LibBi is used for state-space modelling and Bayesian inference on high-performance computer hardware, including multi-core CPUs, many-core GPUs (graphics processing units), and distributed-memory clusters. The staple methods of LibBi are based on sequential Monte Carlo (SMC), also known as particle filtering. These methods include particle Markov chain Monte Carlo (PMCMC) and SMC2. Other methods include the extended Kalman filter and some parameter optimization routines. LibBi consists of a C++ template library and a parser and compiler, written in Perl, for its own modelling language.
PyParticles is a particle simulation toolbox entirely written in Python. It simulates a particle-by-particle model with the most popular integrations methods, including Euler, Runge Kutta, and Midpoint. It represents the results on an OpenGL or Matplotlib plot, and offers an easy-to-use API.
GenFoo is a general Fokker-Planck solver for models of arbitrary dimensionality. It contains three backend solvers, a delta-f Monte Carlo, a standard Monte Carlo, and a Finite Element solver. The key property of the GenFoo package is that physics are separated from numerics by runtime loading of the Fokker-Planck coefficients, which enable solutions of a large class of Fokker-Planck models.
SHTns is a high-performance Spherical Harmonic Transform library. It was designed for numerical simulation (fluid flows, mhd, etc.) in spherical geometries, but can be used for any kind of problem involving scalar or vector spherical harmonics. It is very fast, thanks to careful vectorization and runtime tuning. It supports multi-threaded transforms via OpenMP. It features scalar and vector transforms, synthesis and analysis, and flexible truncation and normalization. A Python interface is included.
FEniCS is a collection of free software for automated, efficient solution of differential equations. It has an extensive list of features, including automated solution of variational problems, automated error control and adaptivity, a comprehensive library of finite elements, high performance linear algebra, and many more. It is organized as a collection of interoperable components, including the problem-solving environment DOLFIN, the form compiler FFC, the finite element tabulator FIAT, the just-in-time compiler Instant, the code generation interface UFC, the form language UFL, and a range of additional components.
Chebfun is a collection of algorithms and a software system in object-oriented MATLAB that extends familiar powerful methods of numerical computation involving numbers to continuous or piecewise-continuous functions. It also implements continuous analogues of linear algebra notions like the QR decomposition and the SVD, and solves ordinary differential equations. The mathematical basis of the system combines tools of Chebyshev expansions, fast Fourier transform, barycentric interpolation, recursive zerofinding, and automatic differentiation.

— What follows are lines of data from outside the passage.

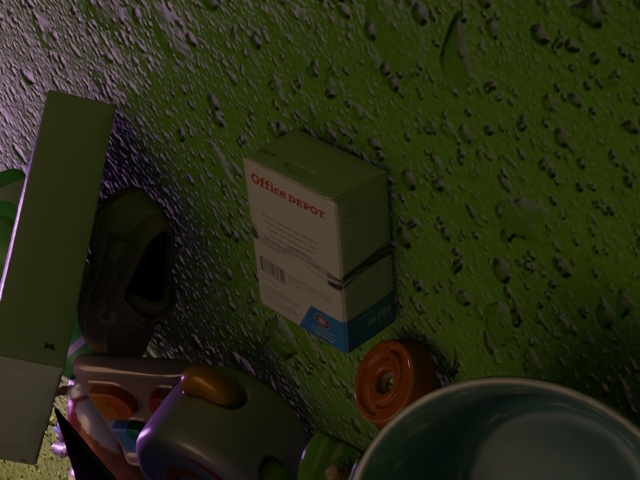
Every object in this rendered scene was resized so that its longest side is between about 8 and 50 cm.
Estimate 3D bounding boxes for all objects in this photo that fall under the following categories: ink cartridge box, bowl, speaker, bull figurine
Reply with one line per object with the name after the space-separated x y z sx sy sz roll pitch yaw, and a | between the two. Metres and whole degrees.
0.000 0.000 1.428 0.140 0.082 0.190 29 136 39 | ink cartridge box
0.196 0.250 1.225 0.312 0.163 0.311 4 101 23 | bowl
-0.393 0.047 1.969 0.296 0.131 0.131 55 148 7 | speaker
-0.327 0.337 2.141 0.310 0.101 0.188 57 152 8 | bull figurine

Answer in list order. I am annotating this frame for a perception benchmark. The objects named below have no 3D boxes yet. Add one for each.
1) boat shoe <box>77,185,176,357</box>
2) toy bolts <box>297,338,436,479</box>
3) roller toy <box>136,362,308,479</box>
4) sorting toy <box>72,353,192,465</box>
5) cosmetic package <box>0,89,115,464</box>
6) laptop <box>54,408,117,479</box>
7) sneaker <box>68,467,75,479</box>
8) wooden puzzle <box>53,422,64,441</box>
-0.242 0.070 1.801 0.098 0.109 0.302 41 138 29 | boat shoe
0.124 0.235 1.452 0.228 0.158 0.218 32 100 51 | toy bolts
-0.120 0.254 1.721 0.209 0.146 0.191 42 144 -8 | roller toy
-0.223 0.242 1.877 0.193 0.038 0.208 1 131 26 | sorting toy
-0.346 0.048 1.718 0.284 0.097 0.377 122 158 -53 | cosmetic package
-0.100 0.388 1.719 0.382 0.408 0.236 88 177 -51 | laptop
-0.383 0.537 2.335 0.145 0.147 0.384 32 138 39 | sneaker
-0.419 0.341 2.349 0.116 0.014 0.078 -20 99 58 | wooden puzzle
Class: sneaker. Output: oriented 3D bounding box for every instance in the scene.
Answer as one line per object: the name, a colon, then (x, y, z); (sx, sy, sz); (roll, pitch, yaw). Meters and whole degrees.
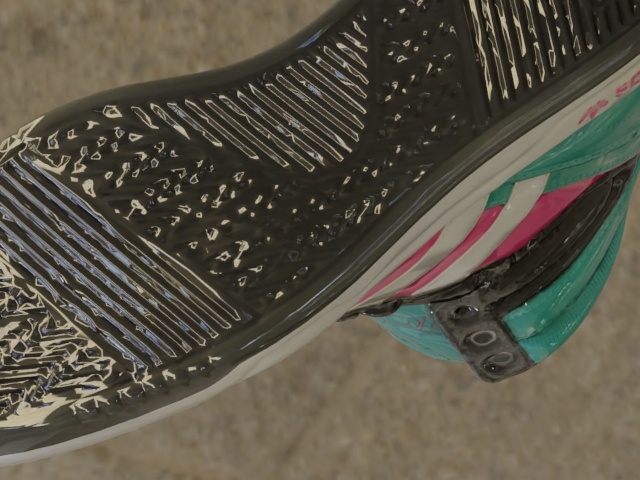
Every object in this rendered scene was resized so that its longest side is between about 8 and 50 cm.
sneaker: (0.000, 0.000, 0.629); (0.295, 0.124, 0.178); (-31, 153, -10)

sparseLM is a software package for efficiently solving arbitrarily sparse non-linear least squares problems. It offers a generic implementation of the Levenberg - Marquardt optimization algorithm on top of a variety of sparse direct solvers, thus being applicable to problems with arbitrary sparseness. sparseLM accepts sparse Jacobians encoded in either compressed row storage (CRS) or compressed column storage (CCS, aka Harwell-Boeing) format. It is also possible to supply it just with the Jacobian's sparsity pattern and have its values be numerically approximated using finite differences, or even instruct it to attempt the automatic detection of the sparsity pattern corresponding to the Jacobian of the function to be minimized. Note that for dense non-linear least squares problems, project levmar is more appropriate.

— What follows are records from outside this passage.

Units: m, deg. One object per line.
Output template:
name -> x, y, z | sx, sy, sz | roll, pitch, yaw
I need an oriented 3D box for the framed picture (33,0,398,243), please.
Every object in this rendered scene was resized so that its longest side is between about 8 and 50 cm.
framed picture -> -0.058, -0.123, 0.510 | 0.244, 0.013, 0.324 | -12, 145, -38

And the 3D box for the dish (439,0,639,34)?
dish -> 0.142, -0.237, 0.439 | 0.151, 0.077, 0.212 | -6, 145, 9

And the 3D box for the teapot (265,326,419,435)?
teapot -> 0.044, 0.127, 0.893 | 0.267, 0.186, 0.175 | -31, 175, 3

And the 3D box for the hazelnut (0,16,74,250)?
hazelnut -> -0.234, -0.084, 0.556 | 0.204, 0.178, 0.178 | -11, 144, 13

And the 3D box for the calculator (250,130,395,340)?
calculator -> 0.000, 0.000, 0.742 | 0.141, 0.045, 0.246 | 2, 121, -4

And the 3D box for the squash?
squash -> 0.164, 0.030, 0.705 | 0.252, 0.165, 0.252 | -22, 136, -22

Fuzzy machine learning framework is a library and a GUI front-end for machine learning using intuitionistic fuzzy data. The approach is based on the intuitionistic fuzzy sets and the possibility theory. Further characteristics are fuzzy features and classes; numeric, enumeration features and features based on linguistic variables; user-defined features; derived and evaluated features; classifiers as features for building hierarchical systems; automatic refinement in case of dependent features; incremental learning; fuzzy control language support; object-oriented software design with extensible objects and automatic garbage collection; generic data base support through ODBC; text I/O and HTML output; an advanced graphical user interface based on GTK+; and examples of use.